The cool breeze danced over our bodies as the rain picked up. The wonderful smells of a newly moistened desert’s landscape was wonderful and familiar. The relief of rain is always a happy time and that association just doesn’t ever go away. We sat silently meditating this event. In the distance rolling thunder could be heard. In time there was an increase of rain, which came with an increased wind. We watched it falling at 45 degrees around us from the south, our left, as we relaxed on the couch imbibing the magic of it all. It began to splatter upon the glass dining table and the concrete creating a cool mist which engulfed our naked bodies, one side chilled, one side still warm. There was ebb and flow to the intensity of the storm. The direction changed back and forth. SUDDENLY, there was a crinkle and then a tremendous CRACK! DF jumped nearly off of her seating in the flash. Her reaction startled me and in a fraction of a second and we were both afloat with adrenal rushes. That one was very close. It was fun. The whole storm was fun. A towel covered briefly when the chilly spray became too much. Everything felt so much alive.

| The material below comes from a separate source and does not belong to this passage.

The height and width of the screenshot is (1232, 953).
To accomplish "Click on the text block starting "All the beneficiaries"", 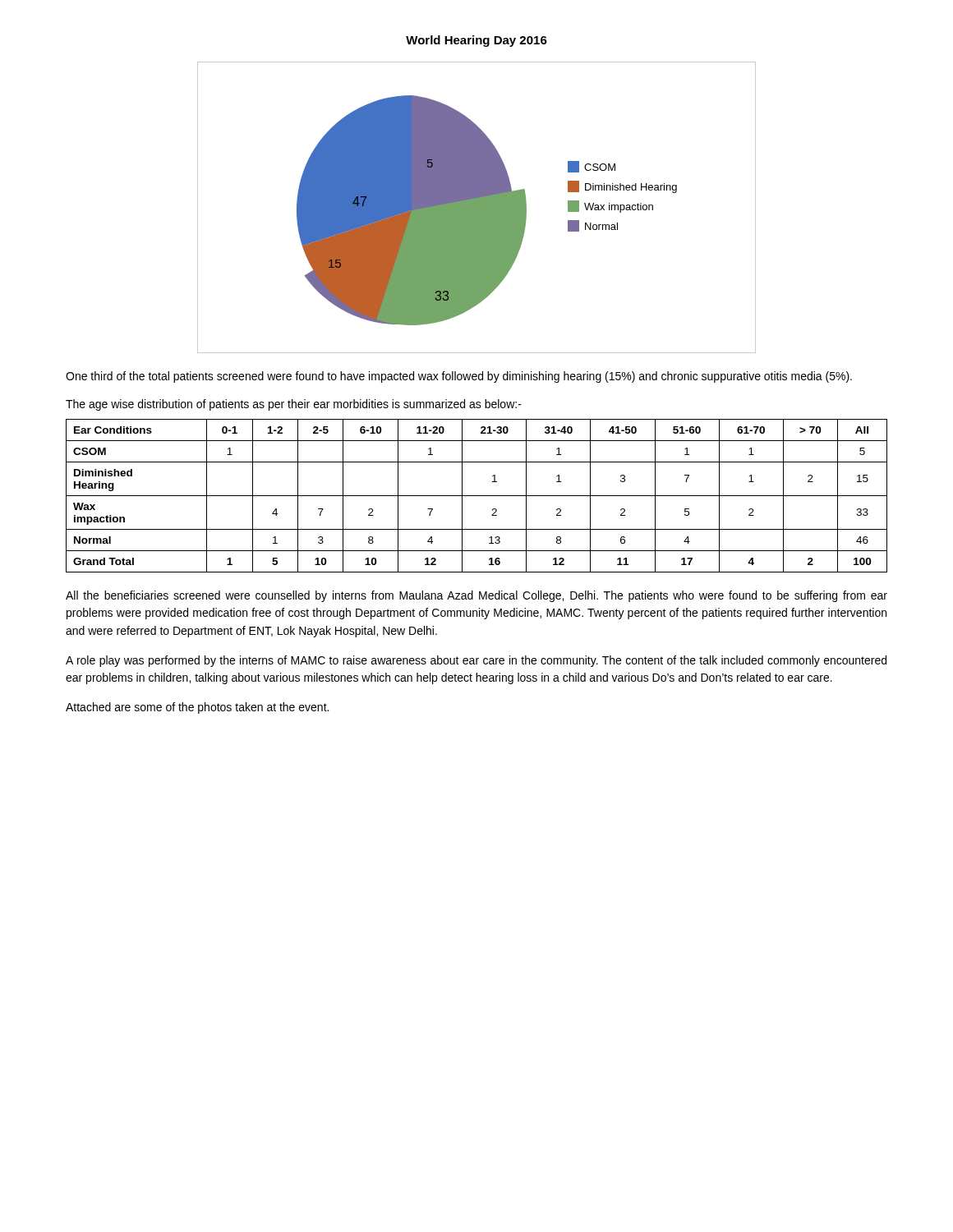I will [476, 613].

Being barefoot all over and crossing through the rain to the covered area was a delight. The water puddles along that spot when the downpours increase. IMG_1696Here, the rain is heated by the concrete, which has been heated through the day as the sun baked it. It turned into a shallow bath for feet. Meanwhile the large less warm raindrops splotch onto the rest of the body in a sensual refreshing way. We danced there, moving in blissful attention to it all.
We had left the air conditioner on in the house. Wet, the air was brisk as we entered through the door in contrast. I carried desert out, a bowl of soft organic almonds and cashews. A friend had given us small pears and peaches from their local trees. The storm passed into the distance slowly as we nibbled. The sound of water off of the roof and the tiny trickle of stream beds carrying the fresh rainwater away through the rocks and sand, the day’s heat was gone.

There was reluctance to leave, even more to get dressed, but we managed to head down to the Grateful Dead cover band at The Hut bar and dance together. We walked over to a friend’s grand opening of their new micro-brewery and toured this to more live music. DF tried a saison BEER and me a sarsaparilla. I savored each small sip as it flowed around my tongue and palate as the quality invited. This stuff was special. I was later given a snifter of an equally unique ginger of as high a caliber. It was recommended to add a splash of this to the saison BEER. DF loved that addendum. A couple outside, had a mobile pizza kiln like a traditional Native American adobe oven, which was heated with pecan chips. That was a very nice smoked treat. We then headed over to a Birthday party to jam with drums, banjo and guitars and close out the late night. We were greeting and catching up with friends all along the way. Indeed, very good day.

There is nothing like eating and imbibing local…and particularly naked.